Exercise aim » No pictures belong in the copy. Set down exactly the lines from the one that contains "1) tin [210,395,319,478]" through the end of the data.

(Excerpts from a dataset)
◆ ◆ ◆ ◆ ◆ ◆ ◆
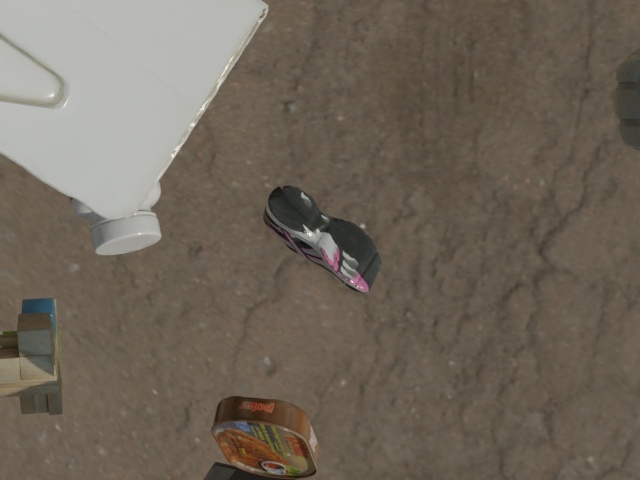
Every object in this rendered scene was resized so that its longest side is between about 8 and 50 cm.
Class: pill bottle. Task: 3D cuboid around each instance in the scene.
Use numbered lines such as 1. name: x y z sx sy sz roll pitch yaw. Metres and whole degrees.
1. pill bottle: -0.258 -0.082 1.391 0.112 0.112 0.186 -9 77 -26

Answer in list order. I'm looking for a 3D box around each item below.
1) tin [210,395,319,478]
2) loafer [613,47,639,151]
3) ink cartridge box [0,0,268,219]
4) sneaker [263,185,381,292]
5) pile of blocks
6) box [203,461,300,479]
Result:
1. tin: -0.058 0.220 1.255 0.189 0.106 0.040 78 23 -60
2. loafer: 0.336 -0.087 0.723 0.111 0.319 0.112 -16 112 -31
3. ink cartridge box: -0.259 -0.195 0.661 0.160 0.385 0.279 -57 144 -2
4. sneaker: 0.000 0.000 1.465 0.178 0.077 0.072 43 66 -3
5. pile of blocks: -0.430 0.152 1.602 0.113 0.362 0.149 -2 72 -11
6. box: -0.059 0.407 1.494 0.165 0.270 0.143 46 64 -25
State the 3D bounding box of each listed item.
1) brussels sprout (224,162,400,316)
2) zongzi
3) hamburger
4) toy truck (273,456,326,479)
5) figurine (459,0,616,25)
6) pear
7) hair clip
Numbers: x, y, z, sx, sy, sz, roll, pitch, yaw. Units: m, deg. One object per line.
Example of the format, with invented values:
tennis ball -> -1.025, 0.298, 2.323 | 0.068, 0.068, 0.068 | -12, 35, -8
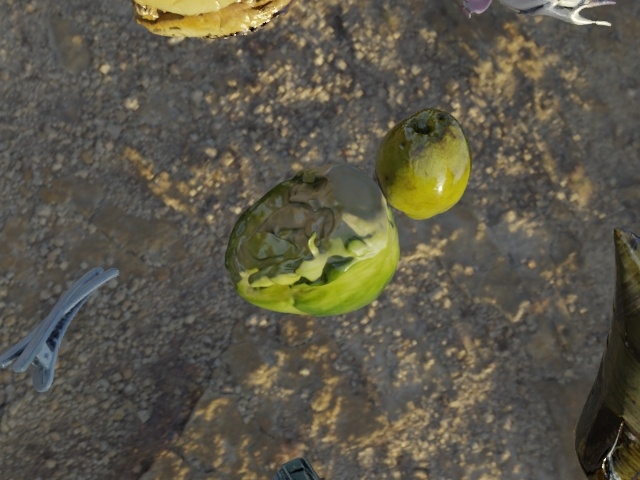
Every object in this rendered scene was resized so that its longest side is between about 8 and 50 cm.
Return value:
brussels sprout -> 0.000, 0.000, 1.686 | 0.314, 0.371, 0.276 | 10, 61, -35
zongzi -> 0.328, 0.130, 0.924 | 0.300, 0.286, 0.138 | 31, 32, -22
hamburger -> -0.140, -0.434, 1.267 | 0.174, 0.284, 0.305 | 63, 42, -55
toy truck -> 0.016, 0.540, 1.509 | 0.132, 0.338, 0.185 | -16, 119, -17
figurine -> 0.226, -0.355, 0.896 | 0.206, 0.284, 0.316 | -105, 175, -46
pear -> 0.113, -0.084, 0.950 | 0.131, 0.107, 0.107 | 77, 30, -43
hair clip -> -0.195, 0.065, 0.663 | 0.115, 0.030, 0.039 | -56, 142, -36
◆ ◆ ◆ ◆ ◆ ◆ ◆
Reply to the exercise »
1) tin [210,395,319,478]
2) loafer [613,47,639,151]
3) ink cartridge box [0,0,268,219]
4) sneaker [263,185,381,292]
5) pile of blocks
6) box [203,461,300,479]
Result:
1. tin: -0.058 0.220 1.255 0.189 0.106 0.040 78 23 -60
2. loafer: 0.336 -0.087 0.723 0.111 0.319 0.112 -16 112 -31
3. ink cartridge box: -0.259 -0.195 0.661 0.160 0.385 0.279 -57 144 -2
4. sneaker: 0.000 0.000 1.465 0.178 0.077 0.072 43 66 -3
5. pile of blocks: -0.430 0.152 1.602 0.113 0.362 0.149 -2 72 -11
6. box: -0.059 0.407 1.494 0.165 0.270 0.143 46 64 -25
State the 3D bounding box of each listed item.
1) brussels sprout (224,162,400,316)
2) zongzi
3) hamburger
4) toy truck (273,456,326,479)
5) figurine (459,0,616,25)
6) pear
7) hair clip
Numbers: x, y, z, sx, sy, sz, roll, pitch, yaw. Units: m, deg. One object per line.
Example of the format, with invented values:
tennis ball -> -1.025, 0.298, 2.323 | 0.068, 0.068, 0.068 | -12, 35, -8
Every object in this rendered scene was resized so that its longest side is between about 8 and 50 cm.
Return value:
brussels sprout -> 0.000, 0.000, 1.686 | 0.314, 0.371, 0.276 | 10, 61, -35
zongzi -> 0.328, 0.130, 0.924 | 0.300, 0.286, 0.138 | 31, 32, -22
hamburger -> -0.140, -0.434, 1.267 | 0.174, 0.284, 0.305 | 63, 42, -55
toy truck -> 0.016, 0.540, 1.509 | 0.132, 0.338, 0.185 | -16, 119, -17
figurine -> 0.226, -0.355, 0.896 | 0.206, 0.284, 0.316 | -105, 175, -46
pear -> 0.113, -0.084, 0.950 | 0.131, 0.107, 0.107 | 77, 30, -43
hair clip -> -0.195, 0.065, 0.663 | 0.115, 0.030, 0.039 | -56, 142, -36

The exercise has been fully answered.